La intolerancia estética.

Una queridísima tía mía, hace quinientos años, me preguntó: "Miguel, ¿a qué crees tú que se deberá que los socialistas sean tan feos?". Era el tiempo en el que Felipe iba a ganar las elecciones. Me reí, porque la quería mucho, y pensé: "porque para ti son los malos".
Intuitivamente identificamos belleza con bondad, y maldad con fealdad. Esto genera un doble cruce de relativismos, porque si ya es complicado saber qué es bueno y qué es malo, esa dificultad se multiplica cuando se asocia a algo tan subjetivo como el sentido estético, por muchos cánones que hayan querido enseñarnos. Sobre todo si, como ocurre, tenemos la tendencia de hacer bello lo que queremos: la mirada también interviene en la construcción de la imagen. El caso es que nos manejamos con demasiada frecuencia en esa interferencia.
Tengo amigos que no soportan ver que alguien viste un polo con la bandera de España en el filo del cuello. Inmediatamente brotan dentro de ellos las palabras "pijo" y "fascista". Ya puede el de la bandera luego hablar de Gramsci con soltura o defender iniciativas radicales de acogida al inmigrante,  que no saldrá de las poderosas etiquetas que le han endosado. 
Tengo amigos que ven a una chica con flequillo y se ponen en guardia por si lleva una pistola escondida con intención de asesinarlos; que ven a un joven con una rasta o con pantalones holgados y sandalias y le atribuyen ideas pestilentes y costumbres depravadas; que se cruzan con un hombre con camisa de color rosa y temen que les haga proposiciones. 
Algunos no soportan un cierto desaliño en el atuendo, y otros confunden la raya del peinado con un carácter obsesivo y neurótico, proclive a planteamientos de orden y autoridad, o identifican la gomina con la estupidez.
Pero lo peor no es asociar la maldad con una determinada estética, sino no distinguir la pobreza de la falta de virtud.
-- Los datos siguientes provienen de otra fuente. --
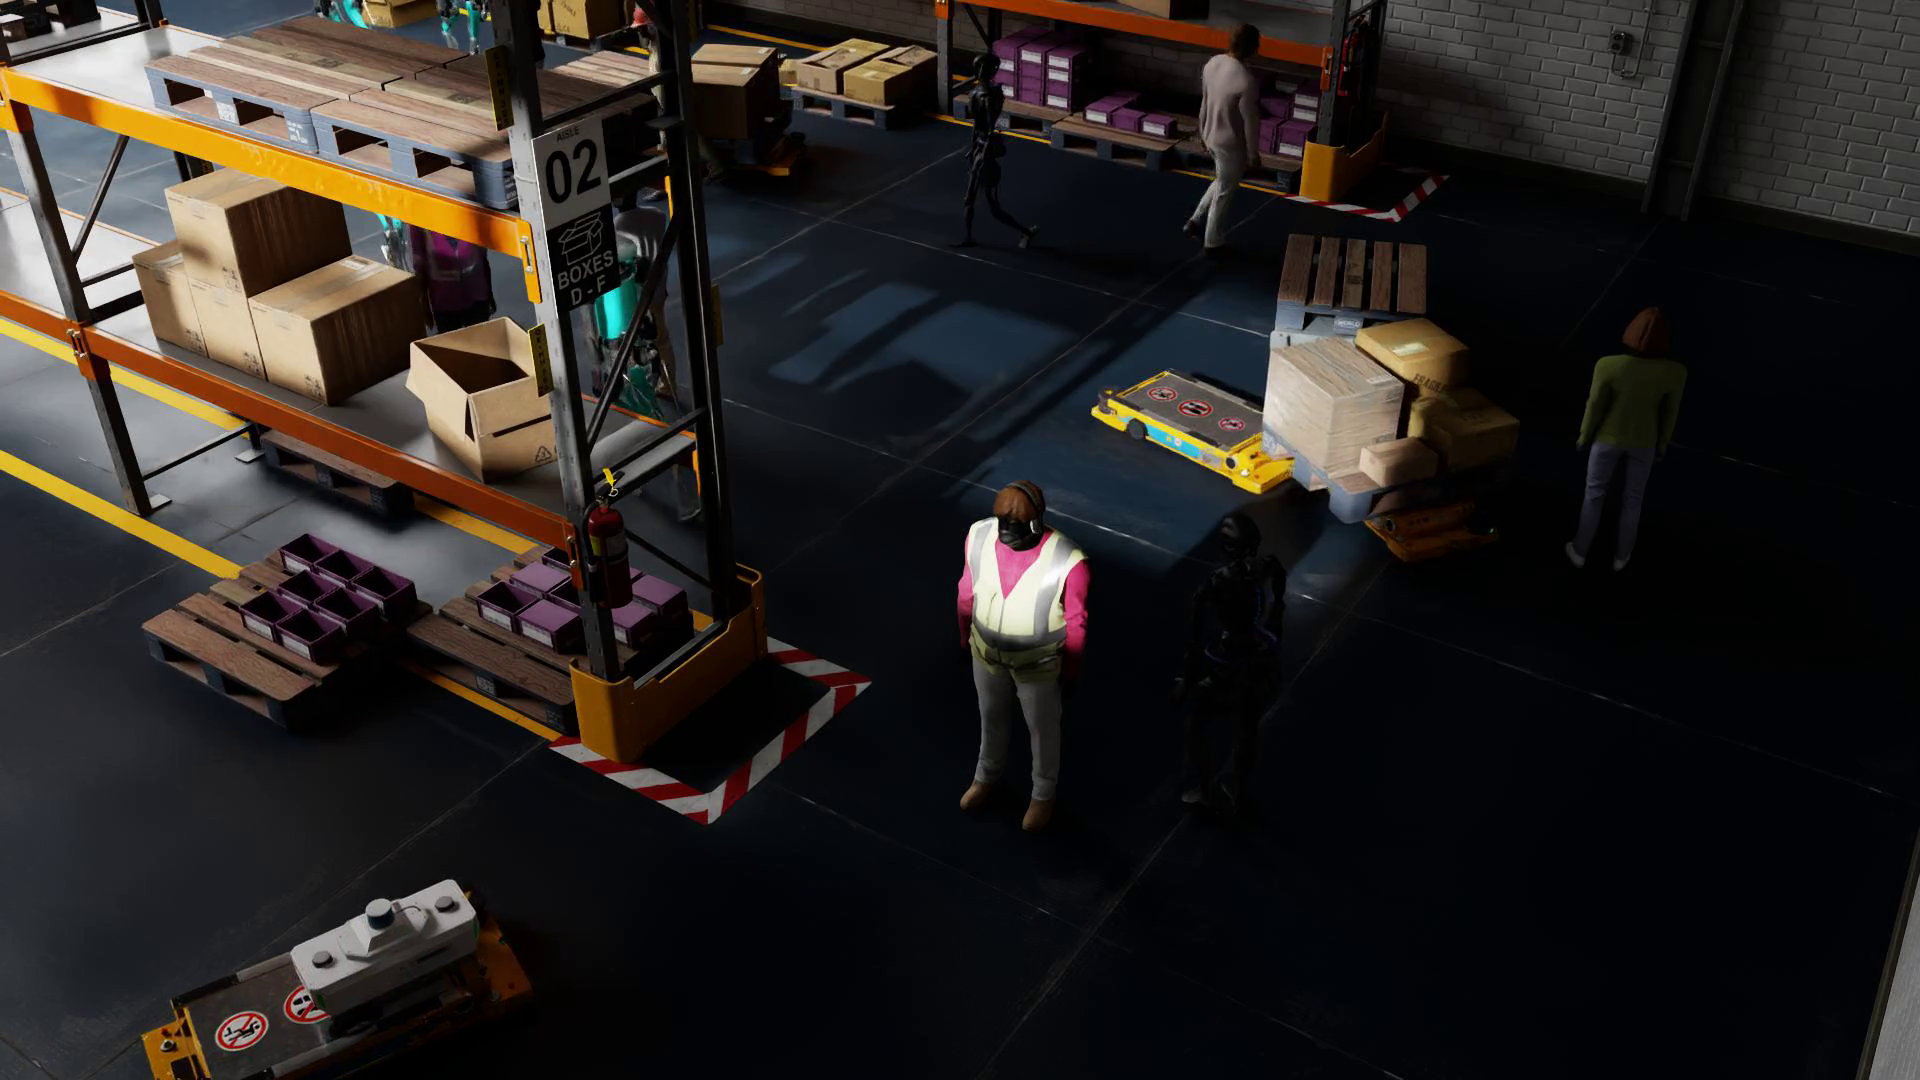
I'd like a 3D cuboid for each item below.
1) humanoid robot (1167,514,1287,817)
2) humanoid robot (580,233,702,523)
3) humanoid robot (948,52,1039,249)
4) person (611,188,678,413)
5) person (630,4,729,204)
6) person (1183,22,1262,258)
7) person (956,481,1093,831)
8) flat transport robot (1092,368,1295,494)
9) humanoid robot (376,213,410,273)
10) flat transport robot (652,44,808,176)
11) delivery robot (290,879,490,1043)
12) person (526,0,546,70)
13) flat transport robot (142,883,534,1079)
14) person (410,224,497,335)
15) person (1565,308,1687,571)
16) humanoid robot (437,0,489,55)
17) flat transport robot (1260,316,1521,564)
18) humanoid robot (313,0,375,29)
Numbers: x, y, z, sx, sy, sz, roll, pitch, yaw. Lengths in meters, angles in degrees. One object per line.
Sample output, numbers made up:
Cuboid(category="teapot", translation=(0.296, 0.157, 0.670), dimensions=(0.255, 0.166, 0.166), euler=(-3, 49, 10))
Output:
Cuboid(category="humanoid robot", translation=(1.262, 0.589, 7.675), dimensions=(0.599, 1.645, 0.329), euler=(-19, 37, -26))
Cuboid(category="humanoid robot", translation=(-1.818, -0.906, 9.968), dimensions=(0.915, 1.798, 0.545), euler=(24, 40, 32))
Cuboid(category="humanoid robot", translation=(0.271, -3.112, 13.408), dimensions=(0.734, 1.646, 0.599), euler=(-5, 33, -7))
Cuboid(category="person", translation=(-2.153, -1.646, 11.042), dimensions=(0.345, 1.746, 0.571), euler=(18, 37, 25))
Cuboid(category="person", translation=(-2.437, -3.823, 14.432), dimensions=(0.810, 1.703, 0.590), euler=(-12, 35, -17))
Cuboid(category="person", translation=(2.157, -3.151, 13.214), dimensions=(0.457, 1.916, 0.637), euler=(-12, 35, -18))
Cuboid(category="person", translation=(0.263, 0.532, 7.614), dimensions=(0.632, 1.841, 0.429), euler=(16, 36, 23))
Cuboid(category="flat transport robot", translation=(1.622, -0.750, 11.026), dimensions=(0.659, 0.231, 1.431), euler=(-28, 42, -35))
Cuboid(category="humanoid robot", translation=(-4.371, -2.700, 12.691), dimensions=(0.540, 1.729, 1.054), euler=(-20, 38, -28))
Cuboid(category="flat transport robot", translation=(-2.188, -3.618, 15.433), dimensions=(1.431, 0.231, 0.659), euler=(6, 34, 9))
Cuboid(category="delivery robot", translation=(-2.393, 1.761, 6.920), dimensions=(0.796, 0.613, 0.499), euler=(-22, 39, -30))
Cuboid(category="person", translation=(-3.939, -4.349, 15.038), dimensions=(0.450, 1.935, 0.479), euler=(4, 33, 5))
Cuboid(category="flat transport robot", translation=(-2.572, 1.943, 6.886), dimensions=(1.431, 0.231, 0.659), euler=(-20, 38, -27))
Cuboid(category="person", translation=(-3.316, -1.621, 10.941), dimensions=(0.501, 1.822, 0.712), euler=(-17, 37, -24))
Cuboid(category="person", translation=(3.782, -0.560, 9.479), dimensions=(0.498, 1.633, 0.279), euler=(8, 34, 12))
Cuboid(category="humanoid robot", translation=(-5.093, -5.433, 16.889), dimensions=(0.538, 1.788, 0.830), euler=(-20, 38, -28))
Cuboid(category="flat transport robot", translation=(2.662, -0.347, 10.406), dimensions=(0.659, 0.231, 1.431), euler=(-13, 35, -19))
Cuboid(category="humanoid robot", translation=(-6.194, -5.330, 16.818), dimensions=(0.542, 1.898, 0.758), euler=(-26, 41, -34))

Es el vicio del "clasismo", que no es capaz de asumir que las diferencias que a uno le favorecen son en gran medida privilegios y no merecimientos propios. El pobre huele mal, tiene la cara y las manos devastadas por trabajos infames, está más expuesto a enfermedades y no puede dedicar sus escasos recursos a la apariencia. Sin llegar a esos extremos, identificamos también la ropa de saldo con el mal gusto, los zapatos gastados con la falta de fundamento personal y los pantalones pasados de moda (ahora la moda pasa rapidísimo, de año en año) con un no enterarse de nada. Nos molesta más el mal olor que la maledicencia, la mancha de café con leche descuidada en la manga que la avaricia. Confundimos una y otra vez  el atuendo, el peinado o la manicura con la virtud o el pecado. Puede más "la pinta" que la conducta.
Es fácil descuidarse y dejarse llevar por un instinto (que más bien es una cultura) que teje filias y fobias en función de apariencias y elementos estéticos. Sé que, en muchos casos, el cuidado personal, la higiene, la elegancia, son la expresión de un respeto hacia los demás. Admiro, por ejemplo, a los ancianos que se empeñan en labores de cuidado personal muy fatigosas para ellos, para que los demás nos sintamos confortables a su lado. Pero el reverso de esa cultura puede desembocar en la intolerancia estética, que por definición es injusta. Es otra forma de inquisición, porque frente a una acusación o un prejuicio basado en el desagrado estético, no hay defensa posible.

Es verdad que hay ciertos uniformes ideológicos, y que al elegir el atuendo estamos dando señales. Pero tomárselas demasiado en serio es, creo yo, cosa de mentes pequeñitas. No puede ser que hayamos asumido ya el deber de la tolerancia en materia de ideas, y que sigamos en el fundamentalismo de las apariencias.

1 Respuesta

  1. profundamente de acuerdo con tu análisis, Miguel. me ha gustado mucho. es un lujo poder compartir tus razonamientos.